Ristori, dignità, disperazione.
Come tutti gli eventi collettivi, anche la pandemia si nutre di un vasto repertorio lessicale (ahimè quasi sempre importato dall’inglese) e di immagini.
Tuttavia vi sono gesti che si portano dietro un carico straordinario di significato, e per nulla scontato, in grado di penetrare più delle parole. In un anno ce ne sono stati tanti, e quasi sempre dettati dallo sconforto e dalla disperazione.
Ce n’è stato uno di recente che ha avuto la forza evocativa di un dardo infuocato in pieno petto. Quello di Chiara, 50 anni, che negli ultimi nove mesi è stata costretta a chiudere due locali, che dalla Toscana arriva a Roma per inginocchiarsi davanti ai poliziotti in tenuta antisommossa e chiedere aiuto.
Quegli uomini in divisa quella richiesta disperata di aiuto se avessero potuto l’avrebbero raccolta. Non era diretta a costoro, ma le riprese televisive l’hanno portato sui monitor dei veri destinatari.
E mentre i suoi colleghi chiedevano al Governo una data certa per la riapertura dei locali, che in questa situazione il Governo non può dare, Chiara rivolgeva a chi ci guida la richiesta più sensata: aiuti economici veri e immediati per le esigenze più elementari. Lei in un anno ha ricevuto solo 3200 euro, e mentre nella prima fase qualcosa è arrivata, dalla scorsa estate i rubinetti dei cosiddetti ristori sono stati inesorabilmente ed ermeticamente chiusi.
Anche per le categorie più esposte ( che strana bizzarria lessicale nella medesima radice: ristori e ristoranti).
Nella prima fase il Governo Conte fu un esempio nella prontezza della risposta a una catastrofe planetaria e riuscì a disinnescare un’autentica polveriera sociale. Dallo scorso autunno non è più stato così e qualcosa si è inceppato.
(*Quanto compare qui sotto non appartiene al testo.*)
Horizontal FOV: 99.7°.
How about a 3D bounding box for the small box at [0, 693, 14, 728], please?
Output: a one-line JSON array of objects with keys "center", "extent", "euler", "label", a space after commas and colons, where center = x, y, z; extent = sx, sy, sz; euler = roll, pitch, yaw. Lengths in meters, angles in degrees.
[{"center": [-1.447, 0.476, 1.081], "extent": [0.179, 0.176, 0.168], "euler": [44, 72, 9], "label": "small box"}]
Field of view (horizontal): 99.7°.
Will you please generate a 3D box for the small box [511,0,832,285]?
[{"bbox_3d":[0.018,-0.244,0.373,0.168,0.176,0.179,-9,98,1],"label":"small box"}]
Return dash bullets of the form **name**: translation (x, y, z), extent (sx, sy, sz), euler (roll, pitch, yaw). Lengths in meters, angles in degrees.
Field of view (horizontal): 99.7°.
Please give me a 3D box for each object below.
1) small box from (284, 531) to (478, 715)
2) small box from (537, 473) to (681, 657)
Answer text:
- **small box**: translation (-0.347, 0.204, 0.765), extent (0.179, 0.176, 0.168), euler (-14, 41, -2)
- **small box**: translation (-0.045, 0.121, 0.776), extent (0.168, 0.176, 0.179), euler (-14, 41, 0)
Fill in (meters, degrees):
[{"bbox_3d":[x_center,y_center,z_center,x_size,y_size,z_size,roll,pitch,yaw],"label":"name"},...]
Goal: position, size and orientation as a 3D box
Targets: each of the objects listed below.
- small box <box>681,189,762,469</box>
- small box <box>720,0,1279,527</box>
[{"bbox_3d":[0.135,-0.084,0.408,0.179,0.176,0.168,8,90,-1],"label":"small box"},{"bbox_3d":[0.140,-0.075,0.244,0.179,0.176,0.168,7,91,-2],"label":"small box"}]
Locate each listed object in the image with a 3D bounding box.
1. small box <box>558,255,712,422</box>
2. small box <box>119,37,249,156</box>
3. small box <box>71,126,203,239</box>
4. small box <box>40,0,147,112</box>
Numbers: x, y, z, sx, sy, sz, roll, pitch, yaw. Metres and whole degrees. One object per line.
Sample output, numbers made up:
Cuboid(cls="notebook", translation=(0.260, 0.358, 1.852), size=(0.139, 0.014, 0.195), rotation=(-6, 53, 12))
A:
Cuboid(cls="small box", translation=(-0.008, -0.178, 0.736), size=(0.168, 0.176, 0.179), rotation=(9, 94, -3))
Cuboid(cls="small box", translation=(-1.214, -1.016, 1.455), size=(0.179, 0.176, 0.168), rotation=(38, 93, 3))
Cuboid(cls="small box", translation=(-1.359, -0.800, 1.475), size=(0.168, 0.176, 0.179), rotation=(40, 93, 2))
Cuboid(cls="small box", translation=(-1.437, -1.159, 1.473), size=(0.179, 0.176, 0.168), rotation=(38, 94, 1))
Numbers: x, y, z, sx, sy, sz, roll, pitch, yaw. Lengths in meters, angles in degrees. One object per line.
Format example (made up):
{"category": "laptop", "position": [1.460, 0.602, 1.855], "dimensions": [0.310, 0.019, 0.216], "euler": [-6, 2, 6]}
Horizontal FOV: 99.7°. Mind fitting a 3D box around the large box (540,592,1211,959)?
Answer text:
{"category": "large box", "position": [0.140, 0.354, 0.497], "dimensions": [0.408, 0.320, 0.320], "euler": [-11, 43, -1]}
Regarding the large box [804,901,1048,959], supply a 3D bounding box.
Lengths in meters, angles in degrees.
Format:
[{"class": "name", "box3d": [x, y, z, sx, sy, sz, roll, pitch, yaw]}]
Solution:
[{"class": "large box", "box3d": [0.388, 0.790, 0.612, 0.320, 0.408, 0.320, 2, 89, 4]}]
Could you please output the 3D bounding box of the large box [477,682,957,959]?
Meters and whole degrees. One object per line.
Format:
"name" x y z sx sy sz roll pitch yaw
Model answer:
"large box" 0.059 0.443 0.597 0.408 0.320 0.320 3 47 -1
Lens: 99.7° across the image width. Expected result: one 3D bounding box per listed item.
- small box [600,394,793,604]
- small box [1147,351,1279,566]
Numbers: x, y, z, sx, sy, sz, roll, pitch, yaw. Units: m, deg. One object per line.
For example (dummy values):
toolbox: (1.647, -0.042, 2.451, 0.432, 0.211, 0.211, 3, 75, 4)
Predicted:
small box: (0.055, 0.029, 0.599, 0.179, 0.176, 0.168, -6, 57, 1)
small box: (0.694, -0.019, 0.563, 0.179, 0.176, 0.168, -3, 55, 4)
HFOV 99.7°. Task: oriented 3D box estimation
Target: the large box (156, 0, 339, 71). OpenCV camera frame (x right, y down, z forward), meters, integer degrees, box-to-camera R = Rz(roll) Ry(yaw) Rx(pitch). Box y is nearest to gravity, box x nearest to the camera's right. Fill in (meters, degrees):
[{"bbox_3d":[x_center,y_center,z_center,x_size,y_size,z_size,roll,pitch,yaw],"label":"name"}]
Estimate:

Il presidente del Consiglio dei Ministri è stato sostituito con quello che sarebbe dovuto essere il fuoriclasse del gol improvviso al novantesimo, quello in grado di tirare fuori dal cilindro l’effetto decisivo. Il Governo Draghi in realtà fa peggio quello che il precedente faceva meglio.
In questa fase non si può pensare che questa soluzione possa manifestare i suoi benefici nel medio e lungo periodo, perché ora l’unico periodo che ci interessa è l’oggi.
Quella polveriera sociale è stata nuovamente innescata e sta per esplodere: occorre agire e farlo subito, mettendo a chi è in ginocchio di rialzare la testa con la dignità di chi si è sempre fatto in quattro per garantire per sé e i propri cari quel minimo di benessere necessario a tirare avanti.
In questa insalata russa che è il Governo Draghi occorre fare appello al fondo sociale che alberga sia nella destra, che nella sinistra e che anche nei momenti più bui della nostra storia recente ha mostrato una certa affinità, pur nella contrapposizione ideologica.
Tempo qualche giorno e di Chiara in piazza in ginocchio ce ne saranno tante. In questo momento non si deve pretendere una data per il ritorno a un minimo di normalità, perché non sarà una cosa immediata, ma immediati devono essere gli aiuti veri, che non si possono ridurre ai benefici fiscali, perché non puoi pensare che la gente paghi le tasse se non può più nemmeno sfamarsi e sfamare i propri figli.
La storia di Chiara ci insegna anche un’altra cosa: la straordinaria umanità di un popolo che di difetti ne ha tanti, ma che non si tira indietro quando è chiamato ad aiutare chi è in difficoltà.
In questo anno, Chiara è riuscita a sopravvivere anche grazie alla pensione di invalidità della sorella e all’aiuto di amici che gestiscono, o meglio gestivano, una palestra, cioè un’attività chiusa da ottobre.